Problem statement: The output should consist solely of the lines running from the one that contains "Boxes around damaged" through the end of the records below, copied exactly.

*** Data for this exercise

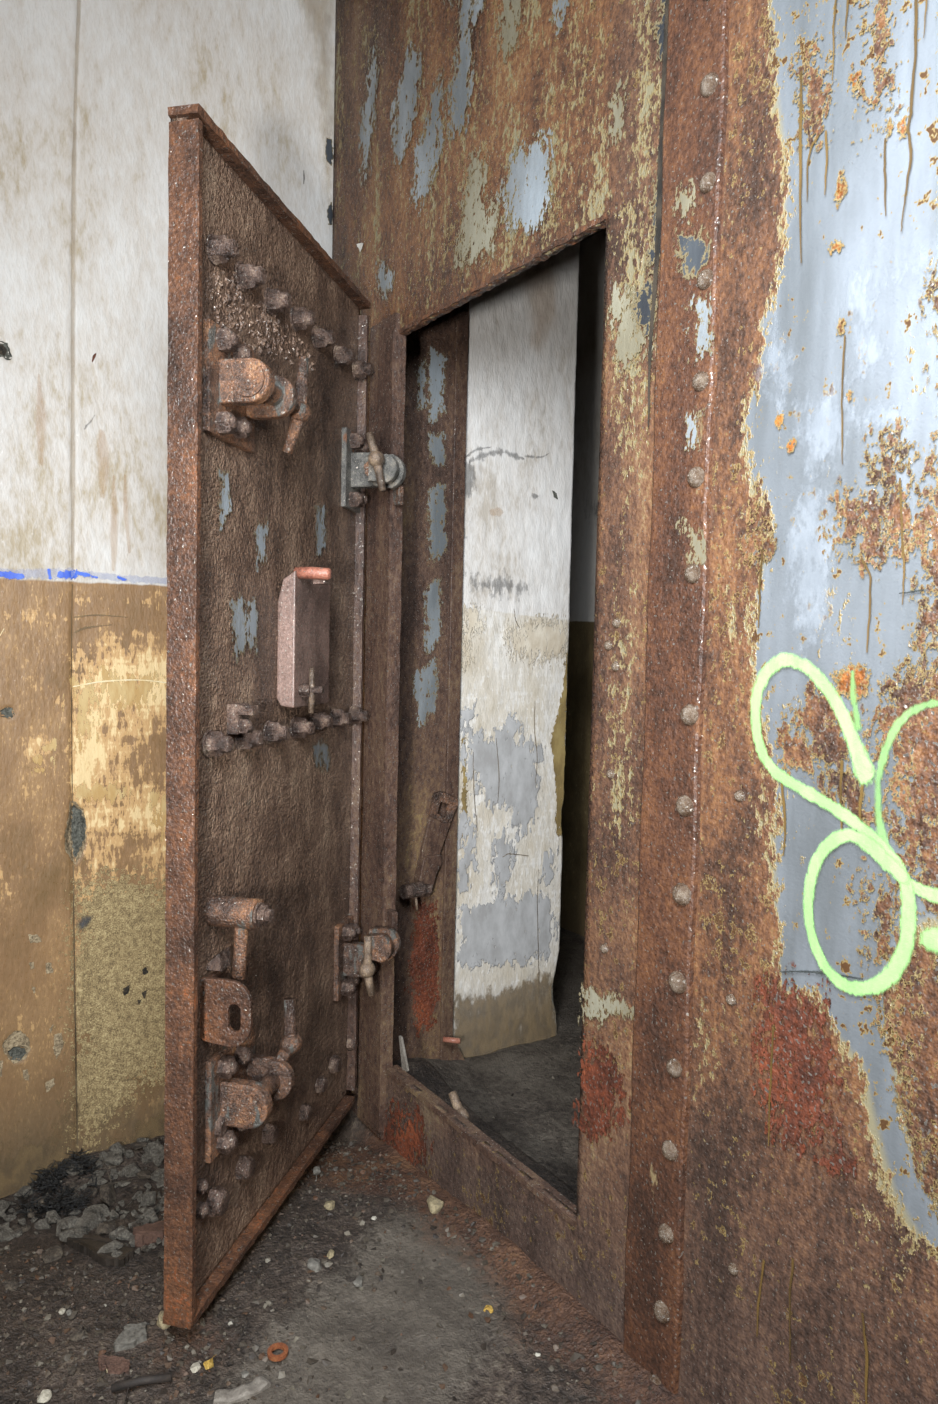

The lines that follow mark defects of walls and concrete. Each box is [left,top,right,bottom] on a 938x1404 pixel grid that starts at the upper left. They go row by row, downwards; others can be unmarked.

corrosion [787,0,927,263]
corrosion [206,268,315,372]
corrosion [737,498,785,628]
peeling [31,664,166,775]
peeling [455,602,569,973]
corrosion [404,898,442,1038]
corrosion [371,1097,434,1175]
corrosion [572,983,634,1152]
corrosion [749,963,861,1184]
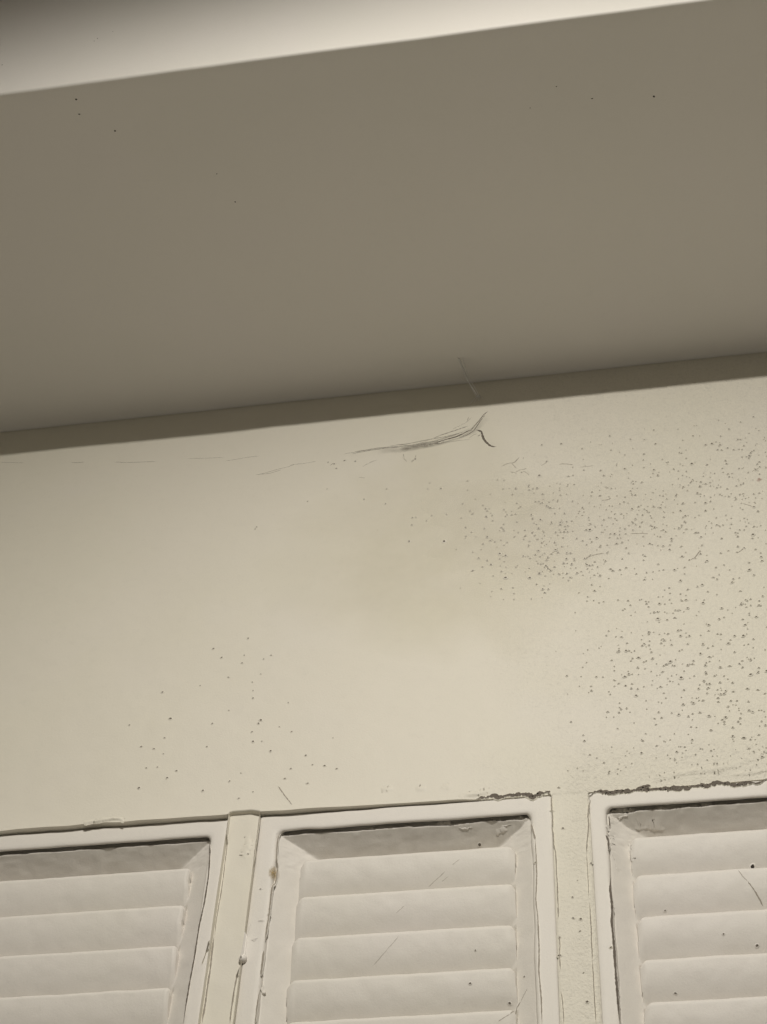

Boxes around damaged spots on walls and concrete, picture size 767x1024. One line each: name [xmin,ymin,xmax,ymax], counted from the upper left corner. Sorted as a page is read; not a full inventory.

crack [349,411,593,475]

******

Exercise solution:
Boxes around damaged spots on walls and concrete, picture size 767x1024. One line each: name [xmin,ymin,xmax,ymax], counted from the upper left corner. Sorted as a page is read; not a full inventory.

crack [349,411,593,475]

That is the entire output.